I’ve been running nextcloud since before it was nextcloud. Was owncloud then moved to next cloud.
Another user put it best. It always feels 75% complete. Sync isn’t fast, gives errors that self correct when restarting the all. Most plugins are even more janky or feel super barren.
I wanted to like it so much but I stopped being able to trust most plugins which meant I had dedicated apps for those things and used nextcloud only for file sync.
If you only want file sync then seafile is vastly superior so that’s what I now have.
Yeah, I wish Nextcloud focused more on the file manager side of their applications. I was using it on my TrueNAS instance and it seems like an unfinished product. E2EE is not enabled by default and looks like their implementation is not perfect either.
Sounds like a common software issue. All the features where developed to 80%, and then moved on to the next feature. Leaving that last, difficult, time consuming, 20% open and unfinished.
It’s the difference between more corporate or Enterprise projects and FOSS projects in a lot of ways. Even once that project matures and becomes a more corporate product the same attitude towards completeness and correctness tends to persist.
(not saying foss is bad, just that the bar tends to be lower in my experience of building software, for many legitimate reasons).
It’s “cultural” in a way depending on the project.
LibreOffice wants to call with broken rendering on Windows, but the changelog mentions new tasty features. But FOSS can do it, Debian can. Those project managers should learn from their approach, whatever it is.
I’m still too container stupid to understand the right way to do this. I’m running it in docker under kubernetes and sometimes I don’t update nextcloud for a long time then I do a container update and it’s all fucked because of incompatible php versions of some shit.

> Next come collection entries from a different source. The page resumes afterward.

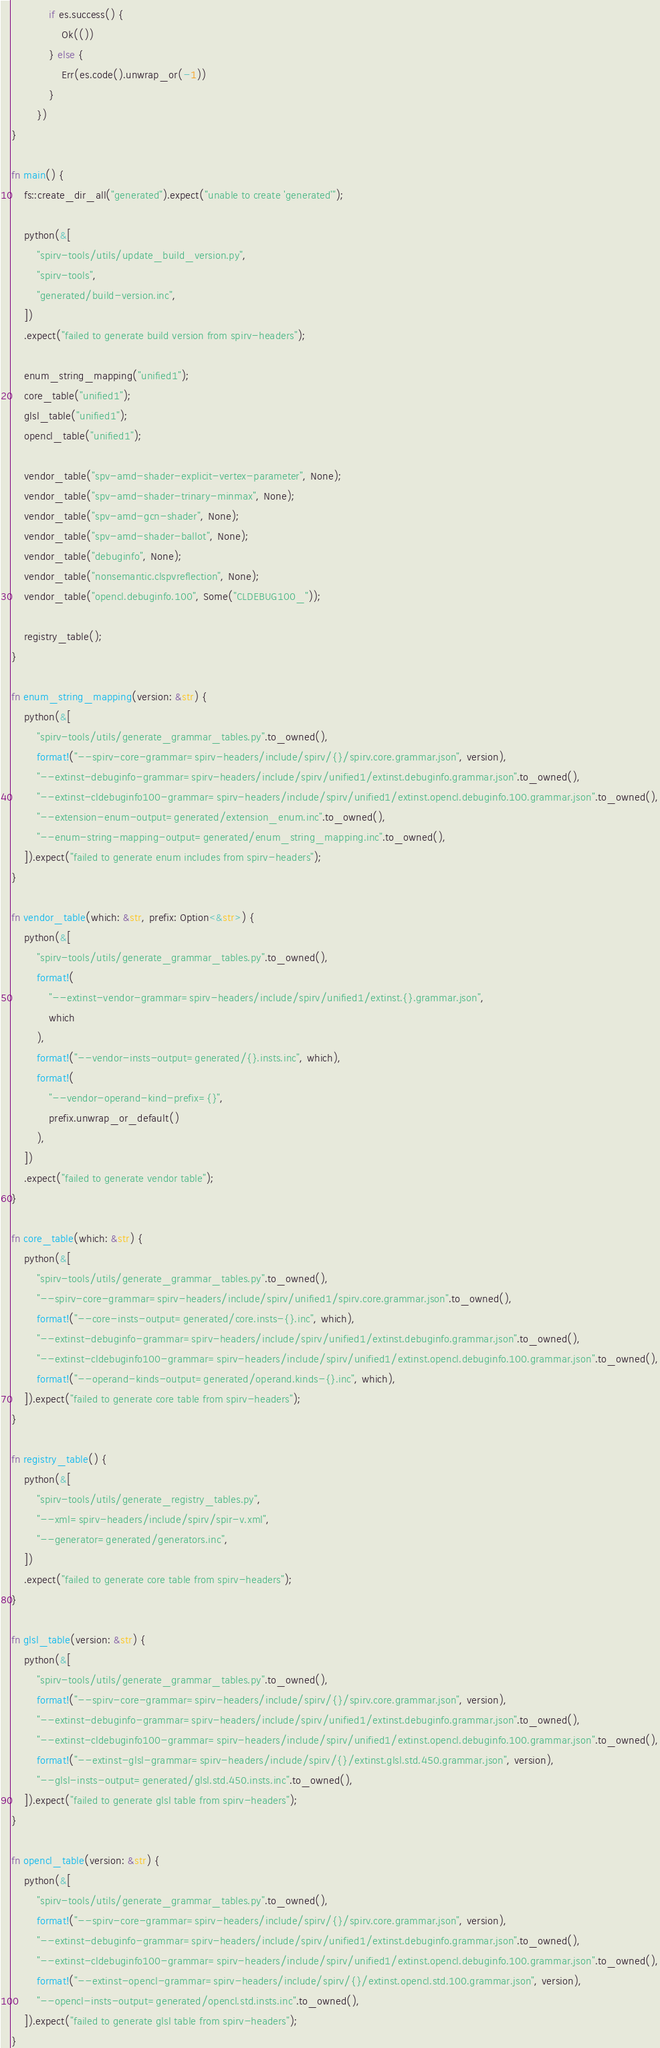<code> <loc_0><loc_0><loc_500><loc_500><_Rust_>            if es.success() {
                Ok(())
            } else {
                Err(es.code().unwrap_or(-1))
            }
        })
}

fn main() {
    fs::create_dir_all("generated").expect("unable to create 'generated'");

    python(&[
        "spirv-tools/utils/update_build_version.py",
        "spirv-tools",
        "generated/build-version.inc",
    ])
    .expect("failed to generate build version from spirv-headers");

    enum_string_mapping("unified1");
    core_table("unified1");
    glsl_table("unified1");
    opencl_table("unified1");

    vendor_table("spv-amd-shader-explicit-vertex-parameter", None);
    vendor_table("spv-amd-shader-trinary-minmax", None);
    vendor_table("spv-amd-gcn-shader", None);
    vendor_table("spv-amd-shader-ballot", None);
    vendor_table("debuginfo", None);
    vendor_table("nonsemantic.clspvreflection", None);
    vendor_table("opencl.debuginfo.100", Some("CLDEBUG100_"));

    registry_table();
}

fn enum_string_mapping(version: &str) {
    python(&[
        "spirv-tools/utils/generate_grammar_tables.py".to_owned(),
        format!("--spirv-core-grammar=spirv-headers/include/spirv/{}/spirv.core.grammar.json", version),
        "--extinst-debuginfo-grammar=spirv-headers/include/spirv/unified1/extinst.debuginfo.grammar.json".to_owned(),
        "--extinst-cldebuginfo100-grammar=spirv-headers/include/spirv/unified1/extinst.opencl.debuginfo.100.grammar.json".to_owned(),
        "--extension-enum-output=generated/extension_enum.inc".to_owned(),
        "--enum-string-mapping-output=generated/enum_string_mapping.inc".to_owned(),
    ]).expect("failed to generate enum includes from spirv-headers");
}

fn vendor_table(which: &str, prefix: Option<&str>) {
    python(&[
        "spirv-tools/utils/generate_grammar_tables.py".to_owned(),
        format!(
            "--extinst-vendor-grammar=spirv-headers/include/spirv/unified1/extinst.{}.grammar.json",
            which
        ),
        format!("--vendor-insts-output=generated/{}.insts.inc", which),
        format!(
            "--vendor-operand-kind-prefix={}",
            prefix.unwrap_or_default()
        ),
    ])
    .expect("failed to generate vendor table");
}

fn core_table(which: &str) {
    python(&[
        "spirv-tools/utils/generate_grammar_tables.py".to_owned(),
        "--spirv-core-grammar=spirv-headers/include/spirv/unified1/spirv.core.grammar.json".to_owned(),
        format!("--core-insts-output=generated/core.insts-{}.inc", which),
        "--extinst-debuginfo-grammar=spirv-headers/include/spirv/unified1/extinst.debuginfo.grammar.json".to_owned(),
        "--extinst-cldebuginfo100-grammar=spirv-headers/include/spirv/unified1/extinst.opencl.debuginfo.100.grammar.json".to_owned(),
        format!("--operand-kinds-output=generated/operand.kinds-{}.inc", which),
    ]).expect("failed to generate core table from spirv-headers");
}

fn registry_table() {
    python(&[
        "spirv-tools/utils/generate_registry_tables.py",
        "--xml=spirv-headers/include/spirv/spir-v.xml",
        "--generator=generated/generators.inc",
    ])
    .expect("failed to generate core table from spirv-headers");
}

fn glsl_table(version: &str) {
    python(&[
        "spirv-tools/utils/generate_grammar_tables.py".to_owned(),
        format!("--spirv-core-grammar=spirv-headers/include/spirv/{}/spirv.core.grammar.json", version),
        "--extinst-debuginfo-grammar=spirv-headers/include/spirv/unified1/extinst.debuginfo.grammar.json".to_owned(),
        "--extinst-cldebuginfo100-grammar=spirv-headers/include/spirv/unified1/extinst.opencl.debuginfo.100.grammar.json".to_owned(),
        format!("--extinst-glsl-grammar=spirv-headers/include/spirv/{}/extinst.glsl.std.450.grammar.json", version),
        "--glsl-insts-output=generated/glsl.std.450.insts.inc".to_owned(),
    ]).expect("failed to generate glsl table from spirv-headers");
}

fn opencl_table(version: &str) {
    python(&[
        "spirv-tools/utils/generate_grammar_tables.py".to_owned(),
        format!("--spirv-core-grammar=spirv-headers/include/spirv/{}/spirv.core.grammar.json", version),
        "--extinst-debuginfo-grammar=spirv-headers/include/spirv/unified1/extinst.debuginfo.grammar.json".to_owned(),
        "--extinst-cldebuginfo100-grammar=spirv-headers/include/spirv/unified1/extinst.opencl.debuginfo.100.grammar.json".to_owned(),
        format!("--extinst-opencl-grammar=spirv-headers/include/spirv/{}/extinst.opencl.std.100.grammar.json", version),
        "--opencl-insts-output=generated/opencl.std.insts.inc".to_owned(),
    ]).expect("failed to generate glsl table from spirv-headers");
}
</code> 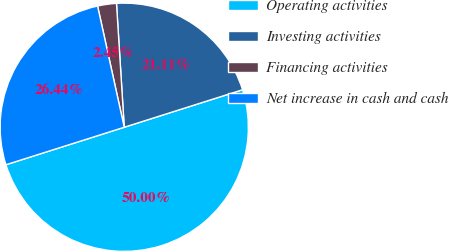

I don’t remember much about how to use kubernetes but if you can specify a tag like nextcloud:28 instead of nextcloud:latest you should have a safer time with upgrades. Then make sure you always upgrade all the way before moving to a newer major version, this is crucial.
Installed it in k3s and then pulled up the Android app but all it does is say every single file is a duplicate and overload my notifications tray while not uploading anything
Works great for me. I had it running in a snap for awhile, but now I just have it in a proxmox Debian container running a LAMP stack. I have over a terabyte of stuff saved and multiple computers syncing too, so its well used.
Updating from my experience is not Russian roulette. It always requires manual intervention and drives me mad. Half the time I just wget the new zip and copy my config file and restart nginx lol.
Camera upload has been fantastic for Android, but once in a while it shits its brains out thinking there are conflicts when there are none and I have to tell it to keep local AND keep server side to make them go away.
The update without fail tells me it doesn’t work due to non-standard folders being present. So, I delete ‘temp’. After the upgrade is done, it tells me that ‘temp’ is missing and required.
Other than that it’s quite stable though… Unless you dare to have long file names or folder depths.
I’ve setup Nextcloud but have done next to nothing with it.
My Lemmy instance gives me the most problems, but it’s also the only publicly available service I run. Mostly the issue is it seems to have a memory leak that forces me to restart it every few days.
Everything else has been completely rock solid for me, running on a mini pc (formerly a pi4 until I wanted to start doing stuff with Jellyfin and needed more power for transcoding) on OpenSUSE Leap all in docker containers. Makes it insanely easy to move stuff. I had no issues basically just copying the docker-compose files and data and bringing them up even when switching architectures.
I dunno what you guys are doing that makes your nextcloud die without touching it. Mine runs happily until I decide to update it, and that usually goes fine, too. I don’t use docker for it, tho.
I’ve been reading nextcloud forums/reddit/lemmy/etc. for years now, and i feel like 90% of the problems are from people using docker or whatever easy one-click solution is out there
I’ve been running NC the old fashioned way for years now and i’ve never had problems of NC dying for no reason.
Have i had issues? Of course… Not not like the ones people keep coming here and shitting on NC
The only times i’ve had major issues and it was actually a problem with nextcloud, is buggy major version releases… So i never install a new major release until X.0.1 these days. Havent really had problems since
For years, I had an unstable unraid server. I was fixing it every couple of days after a lockup. I had decided that unraid sucked. When it was up for a week I celebrated. Every one of my dockers was a suspect. I learned to hate all of them.
I didn’t realize that next Cloud was so bad, might I recommend people having issues try Seafile? Also open source and I’ve been using it for many years without issues. It doesn’t have as many features and it doesn’t look as shiny but it’s rock solid
I’m having a hard time believing that… There is a difference between being able to fix the update issues every time without problems or having no problems at all. But if so, neat.